Alice-Agnes Gabriel , Piyush Karki, Yohai Magen , Bar Oryan, Thomas Ulrich , Jeena Yun , Dave A May

Simulating sequences of earthquakes and aseismic slip (SEAS) on realistic, 3D fault systems remains a computational challenge. Volumetric approaches offer the necessary physical flexibility to handle complex geometries and heterogeneous off-fault media but may incur prohibitively high computational costs when applied to the vast range of spatial and temporal scales inherent to earthquake cycles. This paper documents developments in \texttt{Tandem}, an open-source volumetric SEAS simulation software that addresses these challenges using a symmetric interior penalty discontinuous Galerkin (SIPG) formulation on unstructured curvilinear meshes in 2D and 3D with high-order polynomial bases. We describe \texttt{Tandem} from a user's perspective, covering mesh generation, checkpointing, model configuration via human-readable files, and flexible loading schemes for various tectonic settings. To lower barriers to usage, \texttt{Tandem} is distributed as a standalone C++/PETSc code, a pre-configured virtual machine image, and as an application on the Quakeworx Science Gateway, where users can run simulations in their browser without installing dependencies or securing direct HPC access. We report on practical development choices of interest to SEAS- and other scientific software-developers.

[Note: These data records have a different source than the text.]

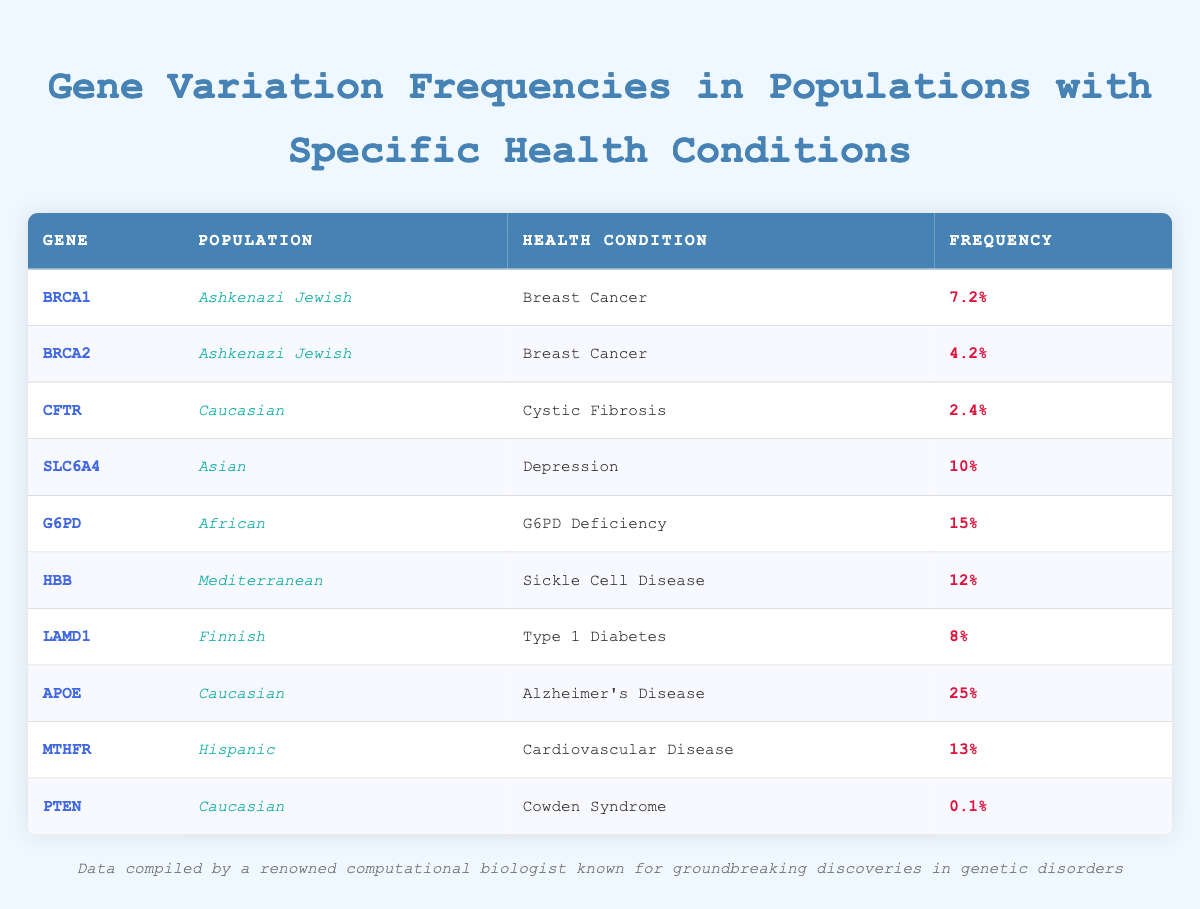What is the frequency of the BRCA1 gene variation in the Ashkenazi Jewish population? The table shows that the frequency of the BRCA1 gene variation in the Ashkenazi Jewish population is listed in its corresponding row as 0.072, or 7.2%.
Answer: 7.2% Which population has the highest frequency of gene variation for Alzheimer’s Disease? The table indicates that the frequency of the APOE gene variation for Alzheimer's Disease in the Caucasian population is 0.25, or 25%, which is higher than any other health condition listed in the table.
Answer: Caucasian Is the frequency of MTHFR gene variation higher in Hispanic populations than the frequency of CFTR gene variation in Caucasian populations? The MTHFR gene frequency in Hispanics is 0.13 (13%), while the CFTR gene frequency in Caucasians is 0.024 (2.4%). Since 0.13 is greater than 0.024, the frequency of MTHFR is indeed higher.
Answer: Yes What is the total frequency of gene variations for health conditions listed in the table? To find the total frequency, sum all individual frequencies: 0.072 + 0.042 + 0.024 + 0.10 + 0.15 + 0.12 + 0.08 + 0.25 + 0.13 + 0.001 = 0.272, which represents the combined frequencies across all health conditions.
Answer: 0.272 How many populations have gene variation frequencies above 0.1? By examining the table, the following populations have frequencies above 0.1: Asian (SLC6A4 - 0.1), African (G6PD - 0.15), Mediterranean (HBB - 0.12), Caucasian (APOE - 0.25), and Hispanic (MTHFR - 0.13). This totals to 5 populations.
Answer: 5 Which gene variation is associated with the lowest frequency, and what is that frequency? The lowest frequency in the table is for the PTEN gene variation associated with Cowden Syndrome, which is given as 0.001 or 0.1%.
Answer: 0.001 Is there a gene associated with Type 1 Diabetes at a higher frequency than 0.1? LAMD1 is the gene associated with Type 1 Diabetes, and its frequency is 0.08 (8%), which is not higher than 0.1. So, there is no gene associated with this condition above that threshold.
Answer: No When comparing frequencies, which health condition associated with a gene variation has the highest frequency in African populations? The health condition linked to the G6PD gene variation in African populations has the highest frequency listed at 0.15 (15%), as evidenced from the table.
Answer: G6PD Deficiency

To mitigate the cost of volumetric discretization, the software provides both matrix-free and assembled-matrix formulations with a fully volumetric explicit approach utilizing hybrid geometric–algebraic multigrid preconditioners, and a Discrete Green’s Function mode that accelerates time-stepping by precomputing traction kernels. We report weak and strong scaling results on modern CPU and GPU supercomputers, demonstrating near-ideal weak scaling to 112,000 MPI ranks and effective utilization of GPU acceleration. Finally, as demonstration examples, we present validation in a 3D SEAS community benchmark (BP7) and a 2D example examining how off-megathrust material heterogeneity influences seismic cycle behavior. By sharing software design choices as well as practical guidance for its use, we hope to make volumetric HPC-driven SEAS modeling more accessible to the earthquake science community.